InseeFrLab · meilame-tayebjee · Feb 4, 2026 · Feb 4, 2026 · Feb 4, 2026
diff --git a/torchTextClassifiers/tokenizers/base.py b/torchTextClassifiers/tokenizers/base.py
@@ -103,6 +103,11 @@ def __repr__(self):
     def __call__(self, text: Union[str, List[str]], **kwargs) -> list:
         return self.tokenize(text, **kwargs)
 
+    @classmethod
+    @abstractmethod
+    def load_from_s3(cls, s3_path: str, filesystem):
+        pass
+
 
 class HuggingFaceTokenizer(BaseTokenizer):
     def __init__(
@@ -178,17 +183,14 @@ def load(cls, load_path: str):
     @classmethod
     def load_from_s3(cls, s3_path: str, filesystem):
         if filesystem.exists(s3_path) is False:
-            raise FileNotFoundError(
-                f"Tokenizer not found at {s3_path}. Please train it first (see src/train_tokenizers)."
-            )
+            raise FileNotFoundError(f"Tokenizer not found at {s3_path}.")
 
         with filesystem.open(s3_path, "rb") as f:
             json_str = f.read().decode("utf-8")
 
         tokenizer_obj = Tokenizer.from_str(json_str)

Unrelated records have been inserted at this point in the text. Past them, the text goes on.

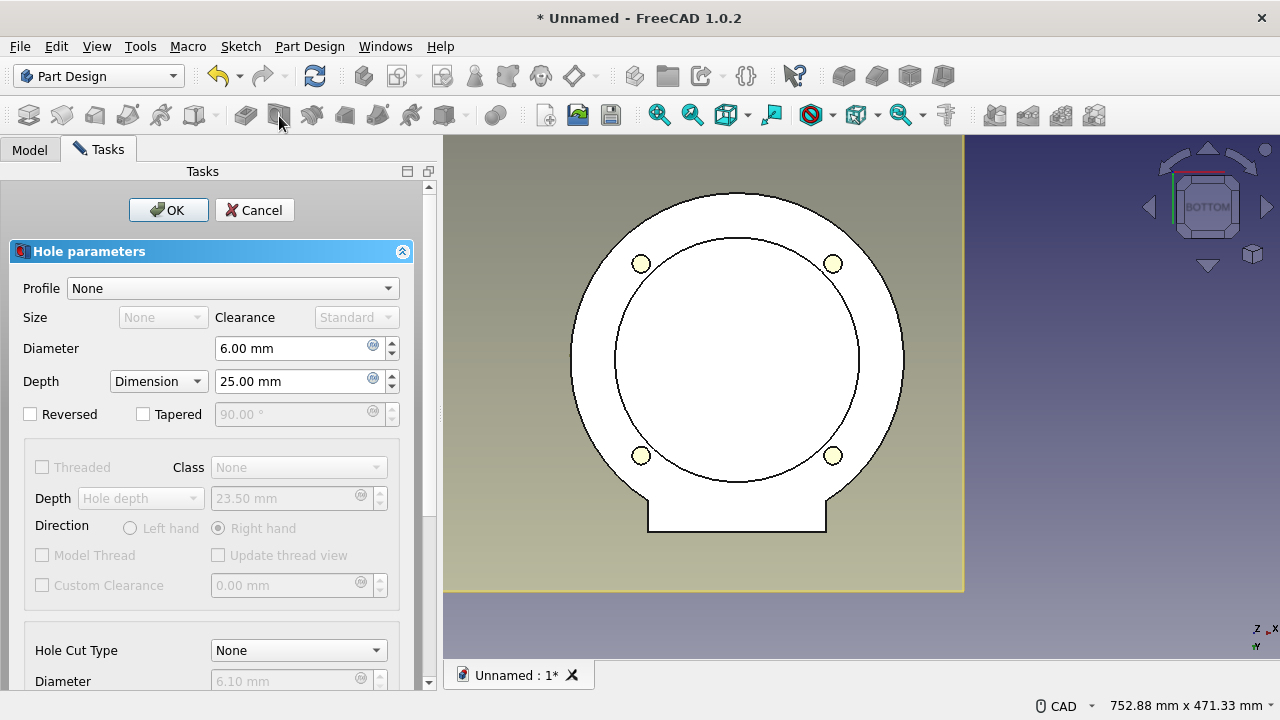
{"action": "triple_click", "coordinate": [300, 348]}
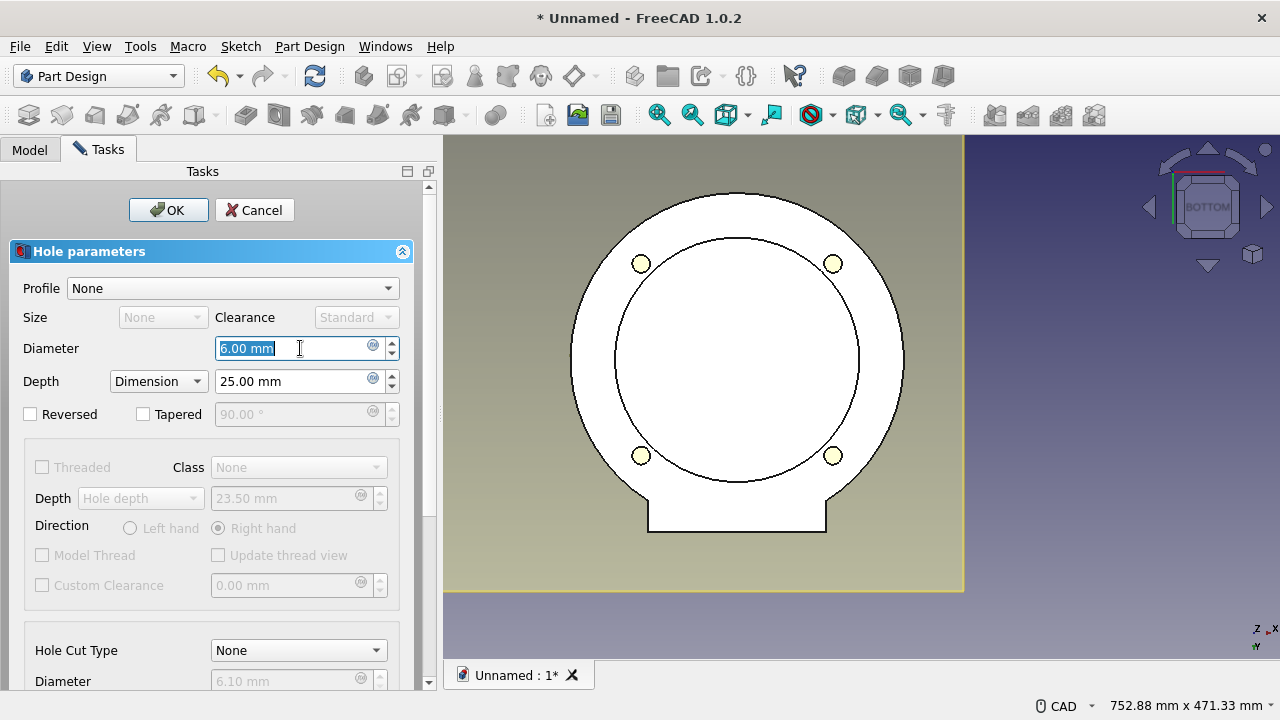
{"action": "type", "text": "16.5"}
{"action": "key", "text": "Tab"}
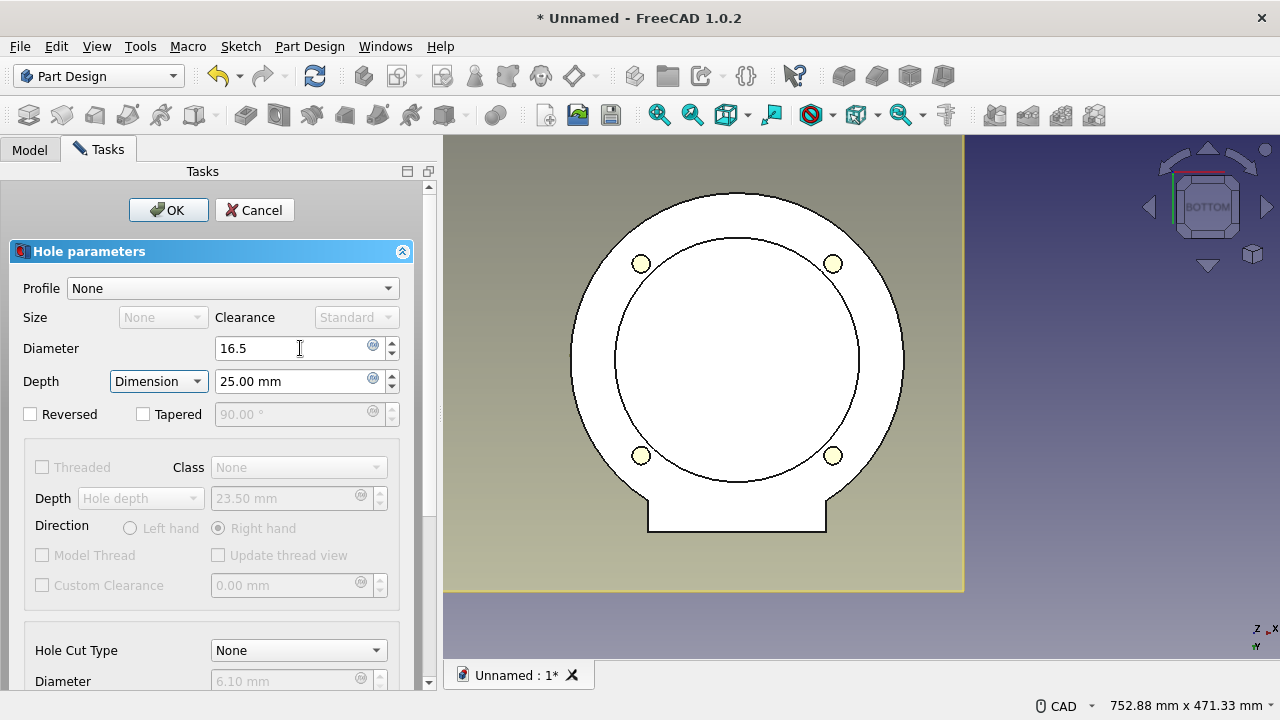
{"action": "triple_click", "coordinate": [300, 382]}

-        tokenizer = PreTrainedTokenizerFast(tokenizer_object=tokenizer_obj)
-        instance = cls(vocab_size=len(tokenizer), trained=True)
-        instance.tokenizer = tokenizer
+        instance = cls(vocab_size=tokenizer_obj.get_vocab_size(), trained=True)
+        instance.tokenizer = tokenizer_obj
         instance._post_training()
         return instance
 

diff --git a/torchTextClassifiers/tokenizers/ngram.py b/torchTextClassifiers/tokenizers/ngram.py
@@ -432,11 +432,24 @@ def save_pretrained(self, save_directory: str):
         print(f"✓ Tokenizer saved to {save_directory}")
 
     @classmethod
-    def from_pretrained(cls, directory: str):
+    def load_from_s3(cls, s3_path: str, filesystem):
         """Load tokenizer from saved configuration."""
-        with open(f"{directory}/tokenizer.json", "r") as f:
+
+        config = json.load(filesystem.open(s3_path, "r"))
+        tokenizer = cls.build_from_config(config)
+        return tokenizer
+
+    @classmethod
+    def load(cls, path: str):
+        """Load tokenizer from saved configuration."""
+
+        with open(path, "r") as f:
             config = json.load(f)
+        tokenizer = cls.build_from_config(config)
+        return tokenizer
 
+    @classmethod
+    def build_from_config(cls, config):
         tokenizer = cls(
             min_count=config["min_count"],
             min_n=config["min_n"],
@@ -468,5 +481,4 @@ def from_pretrained(cls, directory: str):
         )
         print("✓ Subword cache built")
 
-        print(f"✓ Tokenizer loaded from {directory}")
         return tokenizer